刹那间,飞剑出鞘,身随剑走,剑由心至,行云流水,宛如游龙。所有动作一气呵成,剑芒星星点点,密密麻麻,直看得人眼花缭乱,忍不住喝彩。
待他收剑,早有人候着为他披上大氅,奉上热茶。
季堂端详手中这柄剑,剑尖上还落着一枚未融化的白色雪片,他凤目上挑,随手又舞出个剑花来,洋洋洒洒,说不出来的恣意洒脱。
待季堂大踏步跨入前厅,争吵中的众人纷纷围上来,当前一人正要说些什么,他一摆手,厉声喝道:“那陆承望怎地如此不济?”
无人敢应,他脸色愈寒,不悦地撩起衣摆,径直往外头走去,众人跟在身后,都松了口气。
打仗二字,对平丘百姓而言,其实不过才过去了六年。眼见着又要卷土重来,整个平丘府人心惶惶,举家避难的更是不计其数。
这一日,下着鹅毛大雪,街上行人并不多,只见十几匹高头骏马疾驰而过。有人定睛一看,那一马当先得正是被禁足小半年之久的庞阙,见他一身银色胄甲,威风凛凛,丝毫不见病容,一时欣喜不已,忍不住高声疾呼:“庞将军,是庞将军!”
这一声呐喊,在白茫茫的天地间,犹如一道惊雷,迅速传遍全城,众人心里皆都安定下来。
庞阙,这个名字,就是一颗最大的定心丸。
长乐十七年正月,天寒地冻,大周连丢雅卫、天越两州,西姜大军过乌秦山,士气高涨,一路高歌猛进,直指金州。
金州城外三十里处,大周兵马扎营。
统帅帐中灯火通明,众将成两列,修文站首位,他看着案前那人,已转身对着地图,盯了半响。
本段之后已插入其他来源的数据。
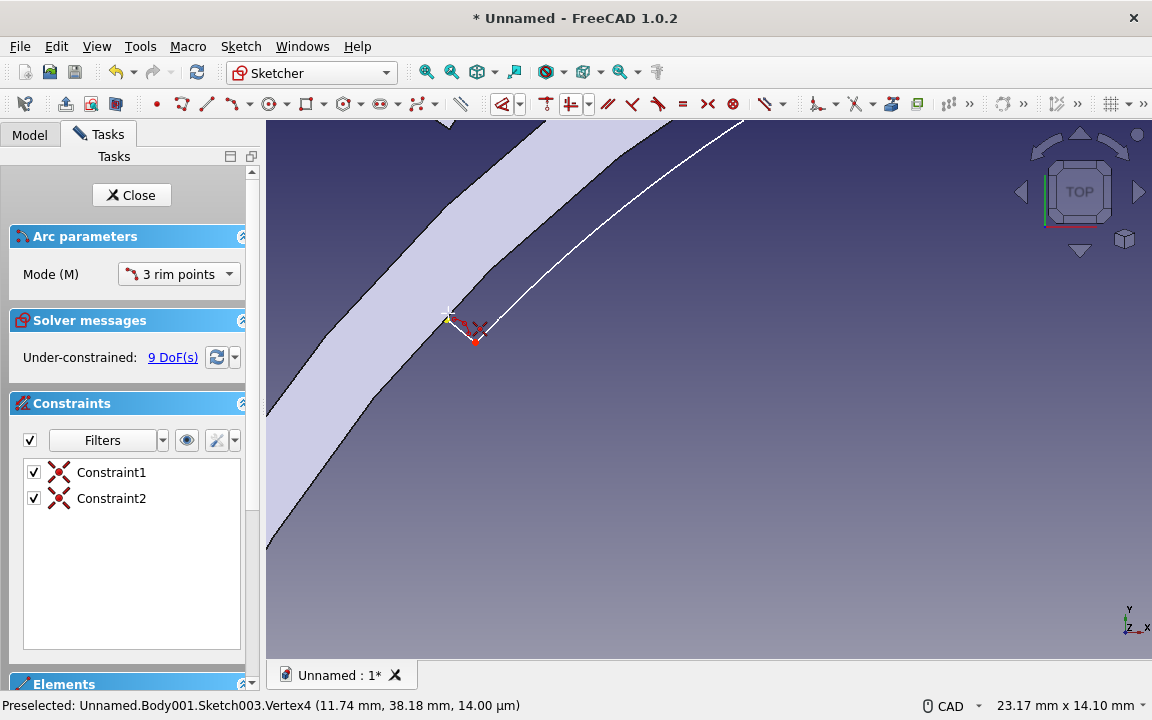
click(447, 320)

他想到前几日在天越的激战,想到死在手下的那些人,不由心悸,这是他生平第一次杀人。
季堂忽转过身,眼扫众人:“冬日作战我军将士不如西姜,他们挑了个便宜时候。如今对方气势如虹,若我们再输,可一路诱敌至筑文关。此处关隘山势险峻,易伏击,徐维、玄方二位带兵埋伏在此。”
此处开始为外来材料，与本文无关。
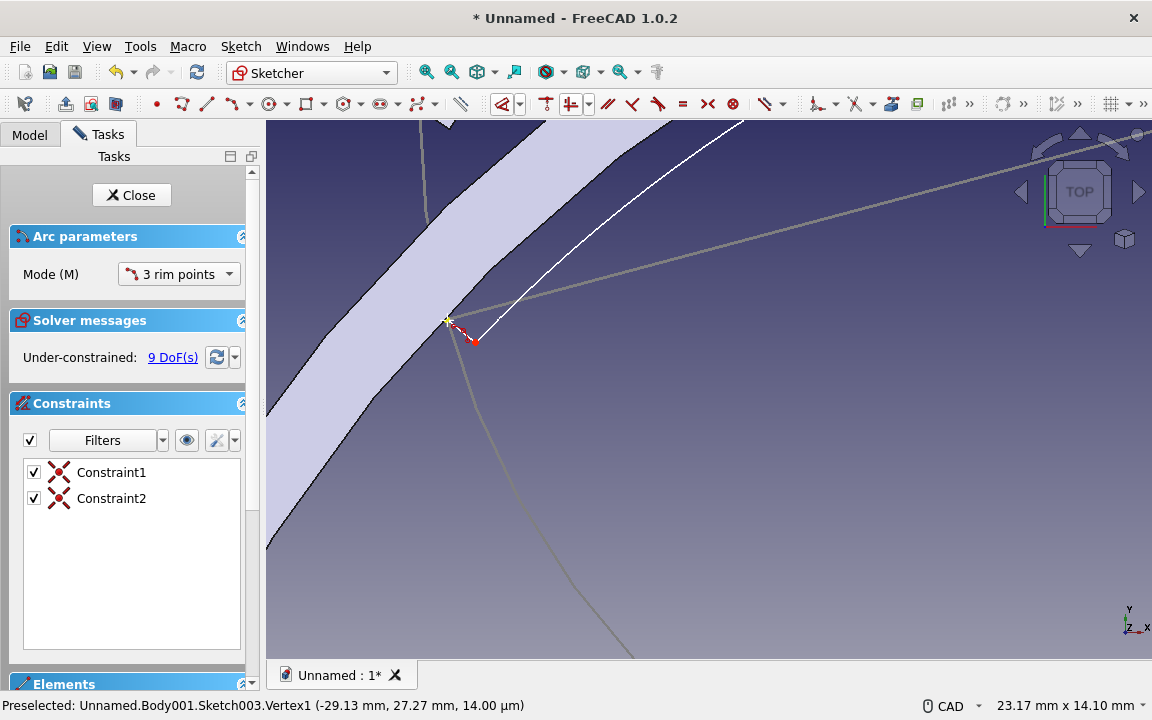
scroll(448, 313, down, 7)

杨玄方不解:“将军,对方统帅魏天元心机老辣,怕是不会轻易上当。”
“不错!”季堂点点头,“当年我与他交手,胜在的是年轻气盛、出其不意这八字上,所以下一战,由大殿下领兵。”他转头看向修文,解释道:“如若他知晓殿下身份,必然会想立功。那,我就给他这个机会!殿下,如何?”
修文点头,眼神坚定。
季堂笑道:“如此,甚好,就由殿下领兵,且战且退。为绝后患,我会亲率精兵,赶去其后。届时,形三处合围之势,便杀他个措手不及。”
一旁有人惊呼:“将军,你大病初愈,万不可以身犯险,还是交给属下吧。”说话之人原先便是庞阙手下一员副将。
季堂摇头,心中暗叹,若是初冬在,这事交他最为合适,可如今,他环视营帐,底下众多猛员,却没有一个可以胜任之人。
何况,这场仗,圣上要的,并不是他立劳什子战功!
“兴言,你生猛但心不细,留下来辅助殿下,如何佯装战败,亦是一门学问。”
再做详细安排,众人领命皆去准备,季堂最后喊住修文,交代道:“殿下,此次务必多保重。我走后,殿下暂管一切军务。”
修文一愣,抱拳道:“将军,自己千万小心。”
是夜,季堂只点一千精兵,连夜启程。
因平丘西北两侧为山,东南两面环沙,为免打草惊蛇,季堂心下早有打算,择南面而行。此处戈壁茫茫,望不及天际,虽一马平川,但极易辨不清方向。西姜军队不熟平丘地形,魏天元心思细腻,必然不会贸然踏足这片未知之地。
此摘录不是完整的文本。